With good looks and beam carried aft, the Beneteau 393 offers speed, comfort, and value aplenty

Perhaps one of the most delightful things about owning a boat is setting out on a breezy afternoon with only vague ideas of where you might want to go. You’re simply getting away for a while, and if you can do it with a touch of speed and excitement, well, that would be nice, too.

The Beneteau 393 is meant for just such days.

A scaled-down version of the 473, which won the award for the Best Production Cruiser Over $200,000 in Cruising World’s 2001 Boat of the Year competition, this is the first completely new model to be built at Beneteau’s recently expanded facility in Marion, South Carolina.

The choice of interiors suits different tastes. The two-cabin version, which we sailed, is the most practical for cruising. It features a large athwartship double berth tucked to starboard under the cockpit, a U-shaped galley to port, a navigation station to starboard, and, forward of that, a large bar and cabinet. A novel departure from the expected settee, the cabinet yields additional room for storage, but it occupies space in the saloon that might otherwise have served as a sea berth.

In the three-cabin layout, two fore-and-aft double berths stretch under the cockpit, the navigation station sits to port, and a fore-and-aft galley replaces the two-cabin version’s bar and cabinet.

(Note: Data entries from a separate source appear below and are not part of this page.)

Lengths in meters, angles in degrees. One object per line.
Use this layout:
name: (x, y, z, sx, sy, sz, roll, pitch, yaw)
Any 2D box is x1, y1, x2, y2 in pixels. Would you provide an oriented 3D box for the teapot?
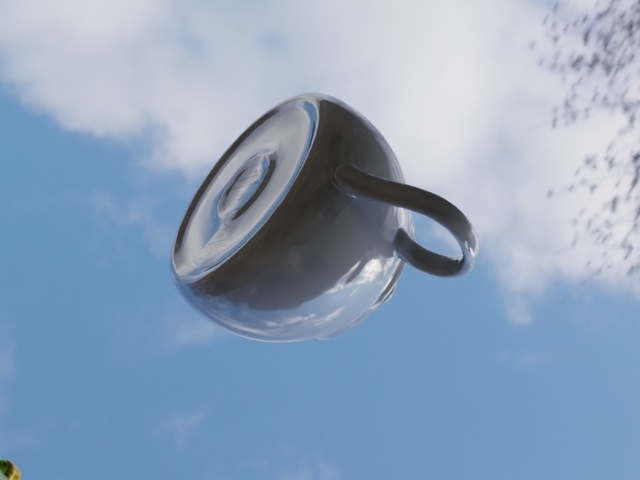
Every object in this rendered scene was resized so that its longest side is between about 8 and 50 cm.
teapot: (0.000, 0.000, 1.174, 0.187, 0.252, 0.256, 37, -164, -23)

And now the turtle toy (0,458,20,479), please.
turtle toy: (-0.285, 0.213, 1.047, 0.066, 0.095, 0.130, -41, -139, -4)

Both layouts feature a head and shower forward of a roomy double berth, a second head and shower aft, and seating for eight at a U-shaped dinette with an inboard bench. The ports and hatches offer excellent ventilation, although a pair of cowl vents would be welcome for wet passages. Three acrylic windows in the cabin top and six deadlights brighten the cherry-stained interior.

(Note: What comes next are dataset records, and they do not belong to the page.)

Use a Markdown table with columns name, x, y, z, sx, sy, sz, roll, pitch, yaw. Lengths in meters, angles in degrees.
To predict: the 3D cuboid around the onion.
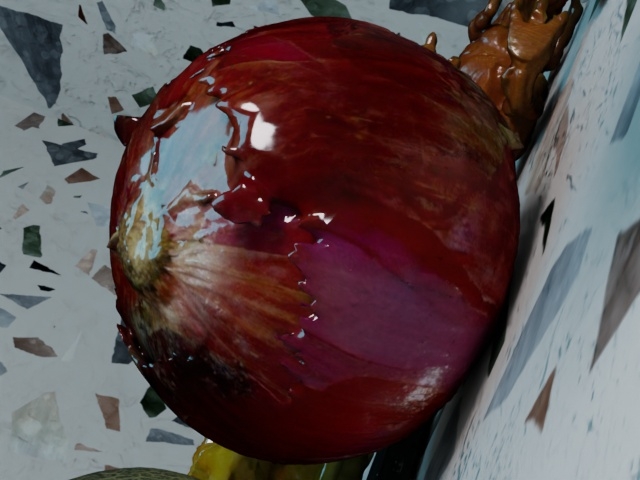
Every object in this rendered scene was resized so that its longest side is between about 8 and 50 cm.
| name | x | y | z | sx | sy | sz | roll | pitch | yaw |
| --- | --- | --- | --- | --- | --- | --- | --- | --- | --- |
| onion | 0.000 | 0.000 | 0.753 | 0.276 | 0.276 | 0.276 | 22 | -90 | -88 |

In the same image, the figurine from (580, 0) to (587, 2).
| name | x | y | z | sx | sy | sz | roll | pitch | yaw |
| --- | --- | --- | --- | --- | --- | --- | --- | --- | --- |
| figurine | 0.139 | -0.243 | 0.832 | 0.132 | 0.153 | 0.132 | 22 | -90 | -87 |

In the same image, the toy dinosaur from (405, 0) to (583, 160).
| name | x | y | z | sx | sy | sz | roll | pitch | yaw |
| --- | --- | --- | --- | --- | --- | --- | --- | --- | --- |
| toy dinosaur | 0.110 | -0.078 | 0.929 | 0.432 | 0.097 | 0.208 | -64 | -17 | -13 |

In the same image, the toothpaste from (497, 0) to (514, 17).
| name | x | y | z | sx | sy | sz | roll | pitch | yaw |
| --- | --- | --- | --- | --- | --- | --- | --- | --- | --- |
| toothpaste | 0.209 | -0.232 | 1.273 | 0.099 | 0.068 | 0.282 | -41 | -12 | -4 |

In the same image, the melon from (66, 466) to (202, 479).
| name | x | y | z | sx | sy | sz | roll | pitch | yaw |
| --- | --- | --- | --- | --- | --- | --- | --- | --- | --- |
| melon | -0.117 | 0.278 | 0.767 | 0.329 | 0.248 | 0.249 | 96 | -165 | -57 |

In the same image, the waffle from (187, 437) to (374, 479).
| name | x | y | z | sx | sy | sz | roll | pitch | yaw |
| --- | --- | --- | --- | --- | --- | --- | --- | --- | --- |
| waffle | -0.040 | 0.216 | 1.042 | 0.261 | 0.151 | 0.324 | 6 | -78 | -79 |

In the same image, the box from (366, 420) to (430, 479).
| name | x | y | z | sx | sy | sz | roll | pitch | yaw |
| --- | --- | --- | --- | --- | --- | --- | --- | --- | --- |
| box | 0.043 | 0.181 | 0.873 | 0.125 | 0.026 | 0.126 | 106 | -175 | -45 |

We sailed the boat in 17 knots of gusty, southwesterly wind on Narragansett Bay. Whitecaps and a rolling ocean swell greeted us off Castle Hill when we cleared the entrance to the bay. Hard on the wind, we were punching through the steep, tide-opposed waves at about 6.5 knots, yet the cockpit stayed surprisingly dry even without a dodger, which the boat is well set up to accommodate. The molded cabin liner and bulkheads bonded to the hull on all sides provided ample structural support. The hull shape, a fairly fine entry at the bow with a broad flat section aft, made reaching a blast.

The long genoa track and the traveler across the cabin top allow for precise sail trimming, with all lines led aft. Single-line reefing was quick and easy. The cockpit’s T-shaped layout makes it easy to scoot around the wheel and, at rest, offers enough room to host a small village for dinner, with a foldout table at the binnacle to spread the fare. One thing I’d like to see in the cockpit is a foot brace along the centerline to make a windward seat more comfortable when beating. The boat handled exceptionally under power (a 40-horsepower Westerbeke), allowing for easy maneuvering in and out of the slip, despite the gusty winds in the harbor.

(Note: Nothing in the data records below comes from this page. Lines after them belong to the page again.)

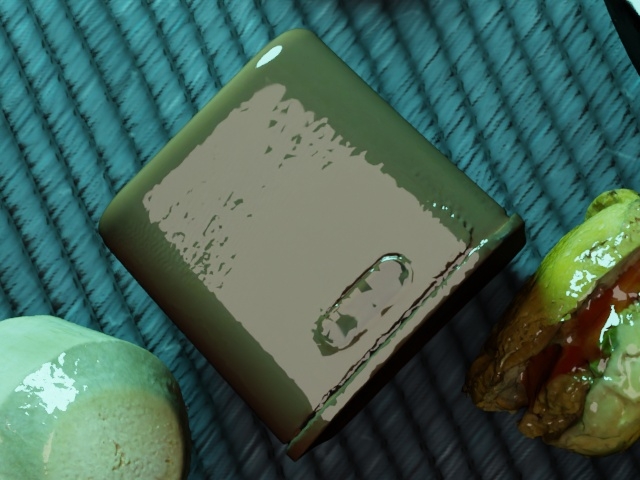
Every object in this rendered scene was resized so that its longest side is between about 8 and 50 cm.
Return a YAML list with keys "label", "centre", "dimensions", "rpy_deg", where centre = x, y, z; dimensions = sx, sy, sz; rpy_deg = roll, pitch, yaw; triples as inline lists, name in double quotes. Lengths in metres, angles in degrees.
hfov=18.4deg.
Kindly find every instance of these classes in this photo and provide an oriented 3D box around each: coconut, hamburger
- label: "coconut"
  centre: [-0.222, 0.165, 1.626]
  dimensions: [0.202, 0.222, 0.202]
  rpy_deg: [-5, 98, -35]
- label: "hamburger"
  centre: [0.238, 0.073, 1.584]
  dimensions: [0.163, 0.244, 0.244]
  rpy_deg: [40, 92, 1]

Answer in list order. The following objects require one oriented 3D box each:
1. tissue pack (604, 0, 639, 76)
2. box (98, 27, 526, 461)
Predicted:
- label: "tissue pack"
  centre: [0.395, -0.099, 1.521]
  dimensions: [0.198, 0.210, 0.370]
  rpy_deg: [-41, 57, 8]
- label: "box"
  centre: [0.000, 0.000, 1.545]
  dimensions: [0.239, 0.339, 0.229]
  rpy_deg: [-44, 85, 2]

The biggest attraction of Beneteau is value. The company’s streamlined production process makes for a very competitively priced 39-footer: $138,000 for the boat we sailed, which came with an electronics package. Not a bad deal for something you can’t really put a price on: a windy day, a new boat, and no particular place to go.

Darrell Nicholson is a CW associate editor who spent 10 years sailing the Caribbean and Pacific aboard his own 32-footer.